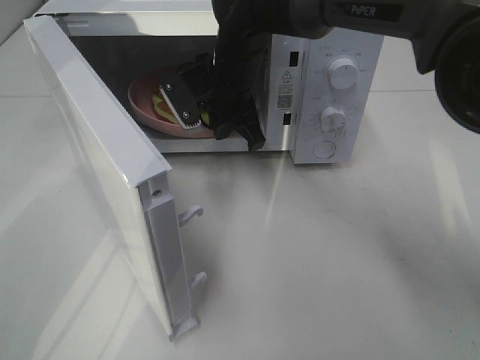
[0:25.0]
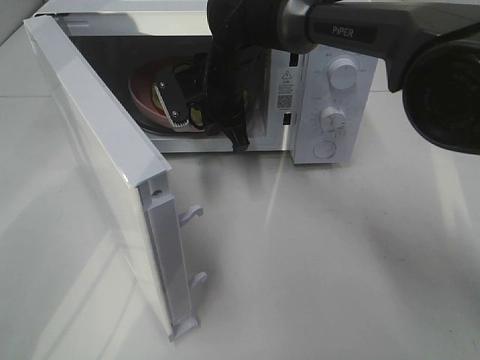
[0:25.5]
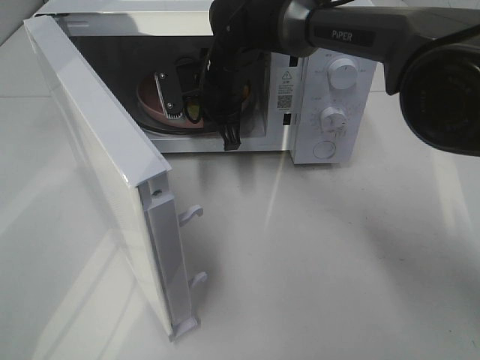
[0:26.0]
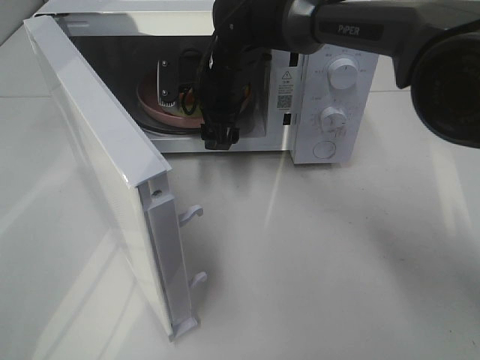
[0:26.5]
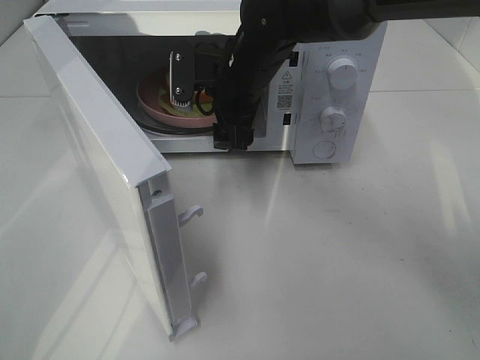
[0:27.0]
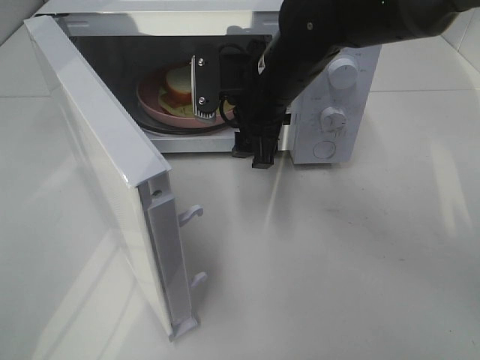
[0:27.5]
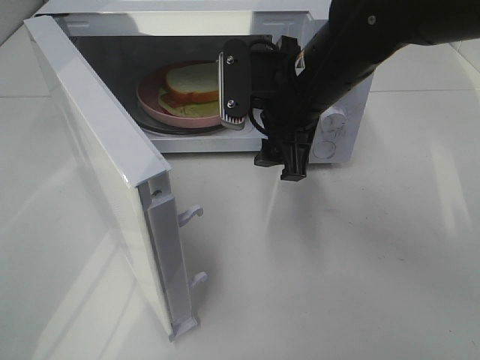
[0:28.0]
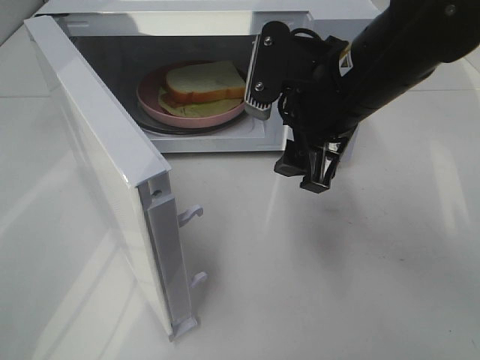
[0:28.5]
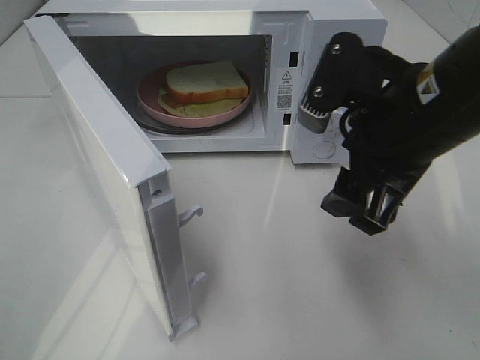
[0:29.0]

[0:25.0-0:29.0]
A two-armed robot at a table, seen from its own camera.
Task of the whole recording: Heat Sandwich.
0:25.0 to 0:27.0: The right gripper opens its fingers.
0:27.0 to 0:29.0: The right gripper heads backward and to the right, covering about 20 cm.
------------------------------------------------
EXERCISE DESCRIPTION
Reproduce every record in full. Leave out the images.

RESULT FOR THIS EXERCISE
[0:25.0]
[0:25.5]
[0:26.0]
[0:26.5]
[0:27.0]
[0:27.5]
[0:28.0]
[0:28.5]
[0:29.0]

[0:25.0-0:29.0]
A two-armed robot at a table, seen from its own camera.
Task of the whole recording: Heat Sandwich.
0:25.0 to 0:27.0: The right gripper opens its fingers.
0:27.0 to 0:29.0: The right gripper heads backward and to the right, covering about 20 cm.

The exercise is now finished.